Segment Open

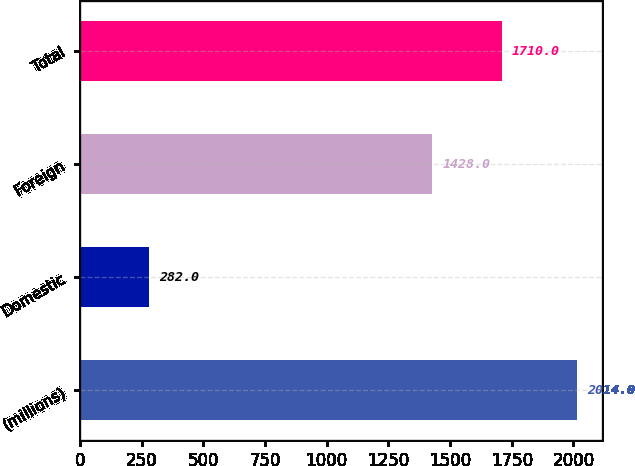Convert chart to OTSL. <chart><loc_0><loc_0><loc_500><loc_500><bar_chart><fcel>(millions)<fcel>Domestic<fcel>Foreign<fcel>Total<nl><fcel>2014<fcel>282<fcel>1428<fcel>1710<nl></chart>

Segment Closed
Segment Open

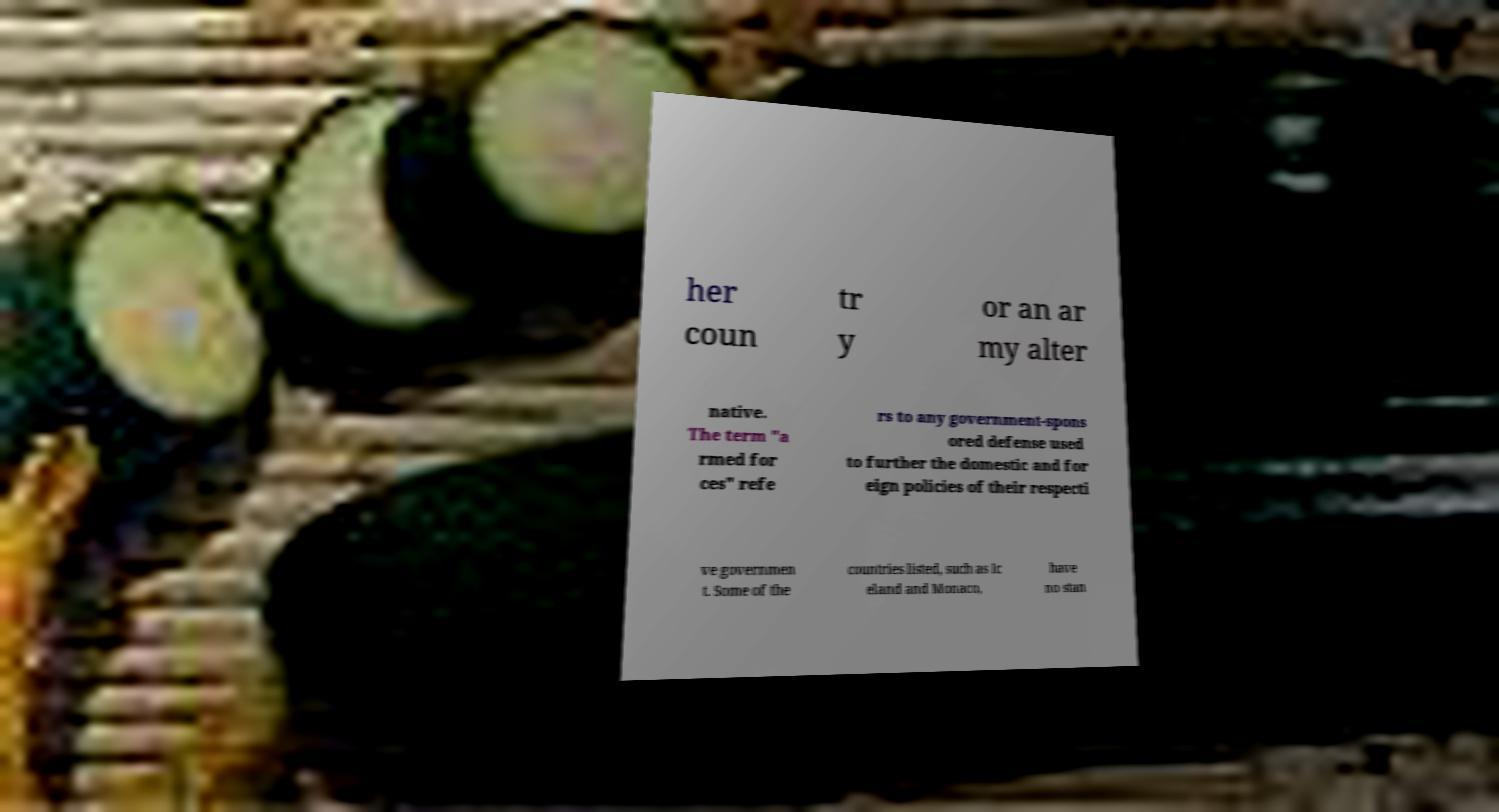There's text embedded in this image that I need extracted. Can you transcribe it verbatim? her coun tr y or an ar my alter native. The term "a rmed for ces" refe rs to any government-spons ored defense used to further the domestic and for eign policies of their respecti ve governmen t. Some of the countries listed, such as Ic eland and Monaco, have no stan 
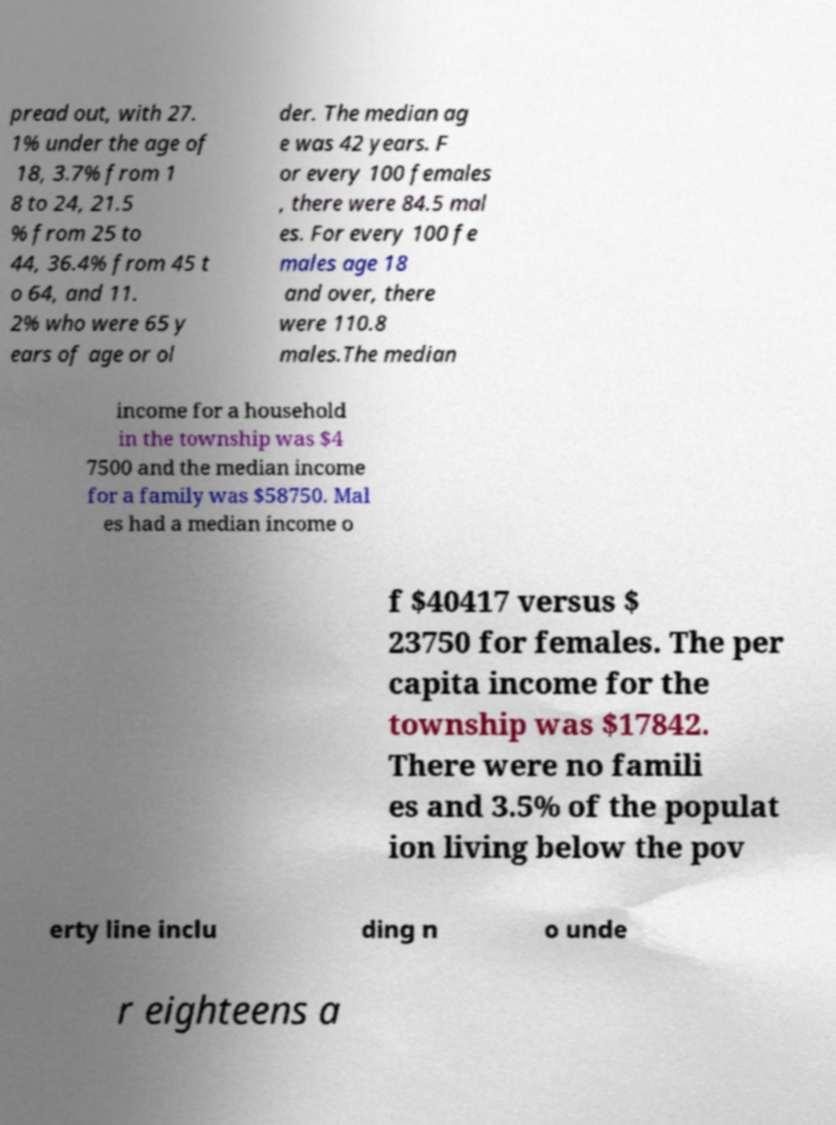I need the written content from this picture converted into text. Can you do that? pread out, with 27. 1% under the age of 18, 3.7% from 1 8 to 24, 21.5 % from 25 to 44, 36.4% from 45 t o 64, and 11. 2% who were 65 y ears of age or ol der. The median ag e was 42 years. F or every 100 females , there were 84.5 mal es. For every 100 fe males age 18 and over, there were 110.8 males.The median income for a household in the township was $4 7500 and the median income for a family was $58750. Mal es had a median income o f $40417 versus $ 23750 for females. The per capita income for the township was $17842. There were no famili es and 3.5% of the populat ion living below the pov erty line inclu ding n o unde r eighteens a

Segment Closed
Segment Open

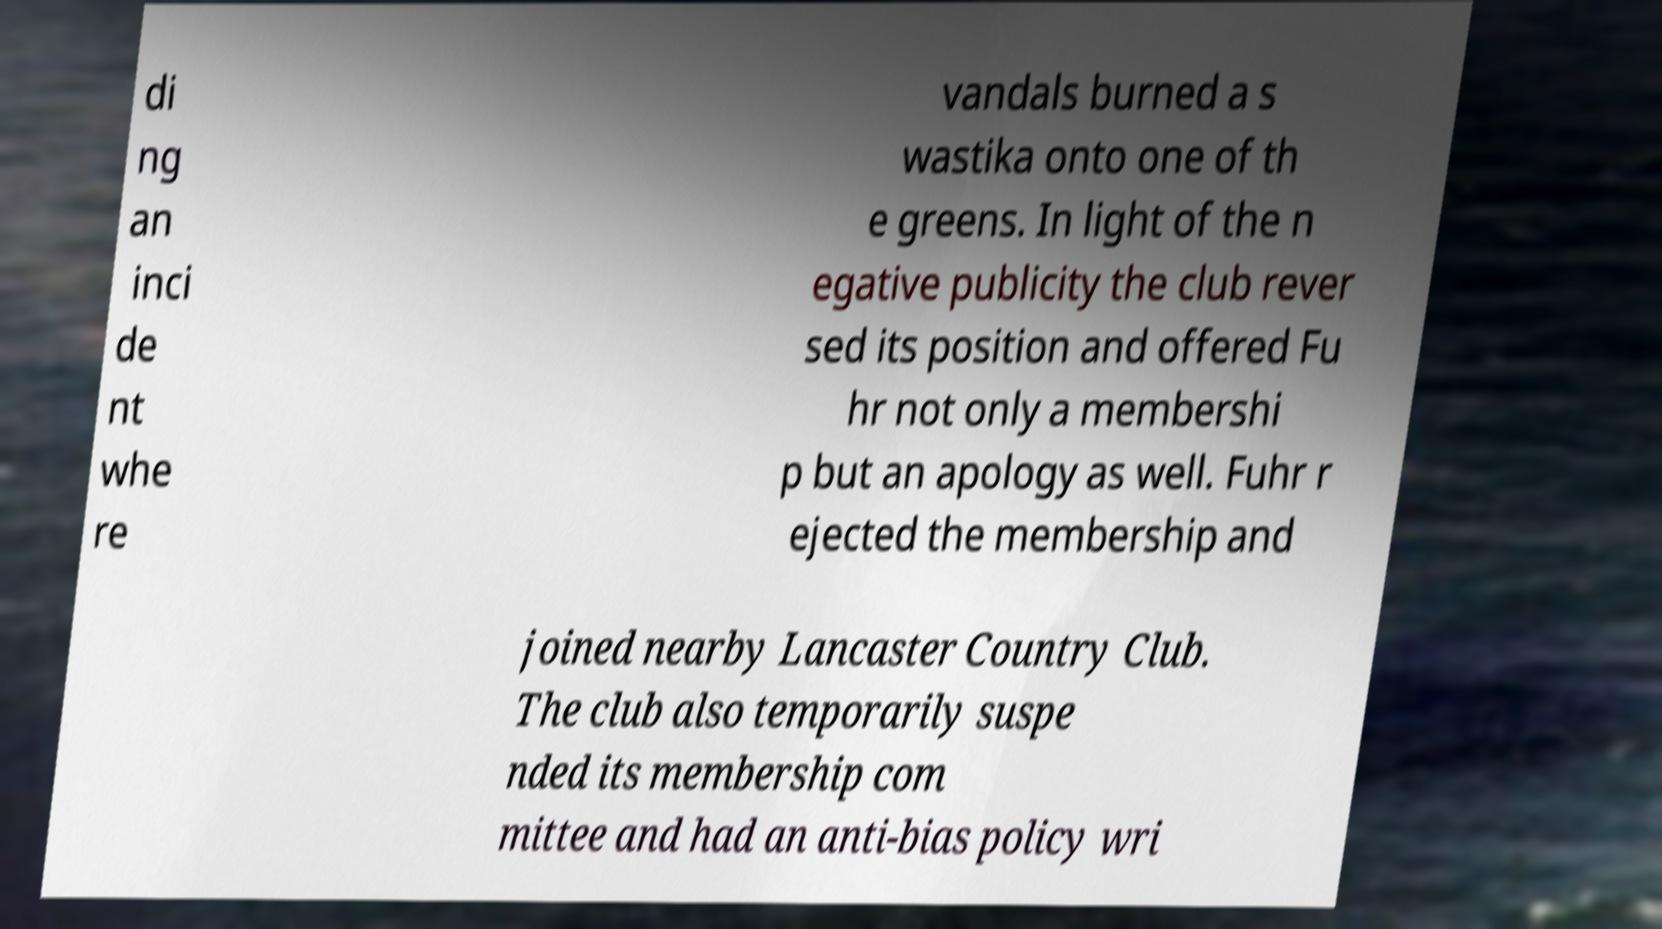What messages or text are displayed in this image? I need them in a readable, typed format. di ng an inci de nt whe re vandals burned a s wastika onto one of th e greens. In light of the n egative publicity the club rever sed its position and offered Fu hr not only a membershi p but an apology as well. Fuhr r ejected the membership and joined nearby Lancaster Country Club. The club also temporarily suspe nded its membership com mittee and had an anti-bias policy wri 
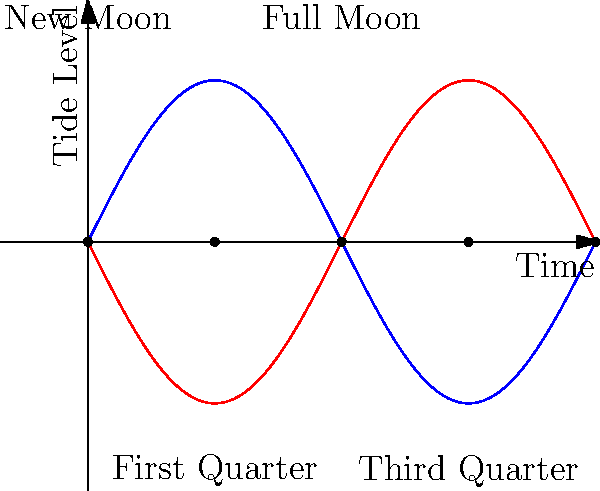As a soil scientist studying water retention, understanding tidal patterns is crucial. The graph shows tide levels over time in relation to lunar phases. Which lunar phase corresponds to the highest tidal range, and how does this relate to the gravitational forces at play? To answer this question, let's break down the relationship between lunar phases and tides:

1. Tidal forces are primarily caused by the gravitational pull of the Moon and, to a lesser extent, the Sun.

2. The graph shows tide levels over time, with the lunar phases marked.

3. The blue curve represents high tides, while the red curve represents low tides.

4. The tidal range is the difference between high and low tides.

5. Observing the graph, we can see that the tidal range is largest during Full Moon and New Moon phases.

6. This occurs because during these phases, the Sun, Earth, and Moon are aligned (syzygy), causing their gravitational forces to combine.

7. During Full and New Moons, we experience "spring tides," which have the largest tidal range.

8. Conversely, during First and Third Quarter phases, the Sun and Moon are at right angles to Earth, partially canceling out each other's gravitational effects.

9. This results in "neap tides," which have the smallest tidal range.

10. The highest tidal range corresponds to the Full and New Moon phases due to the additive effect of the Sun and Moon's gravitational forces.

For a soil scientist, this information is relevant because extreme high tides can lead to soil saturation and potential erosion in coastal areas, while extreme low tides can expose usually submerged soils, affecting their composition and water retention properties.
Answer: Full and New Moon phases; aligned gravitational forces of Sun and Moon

Segment Closed

Only the lines above from the line with "4. The tidal" to the line with "Answer: Full and", those two lines included, should be reproduced exactly.

• [RESPONSE TO THIS TASK]:
4. The tidal range is the difference between high and low tides.

5. Observing the graph, we can see that the tidal range is largest during Full Moon and New Moon phases.

6. This occurs because during these phases, the Sun, Earth, and Moon are aligned (syzygy), causing their gravitational forces to combine.

7. During Full and New Moons, we experience "spring tides," which have the largest tidal range.

8. Conversely, during First and Third Quarter phases, the Sun and Moon are at right angles to Earth, partially canceling out each other's gravitational effects.

9. This results in "neap tides," which have the smallest tidal range.

10. The highest tidal range corresponds to the Full and New Moon phases due to the additive effect of the Sun and Moon's gravitational forces.

For a soil scientist, this information is relevant because extreme high tides can lead to soil saturation and potential erosion in coastal areas, while extreme low tides can expose usually submerged soils, affecting their composition and water retention properties.
Answer: Full and New Moon phases; aligned gravitational forces of Sun and Moon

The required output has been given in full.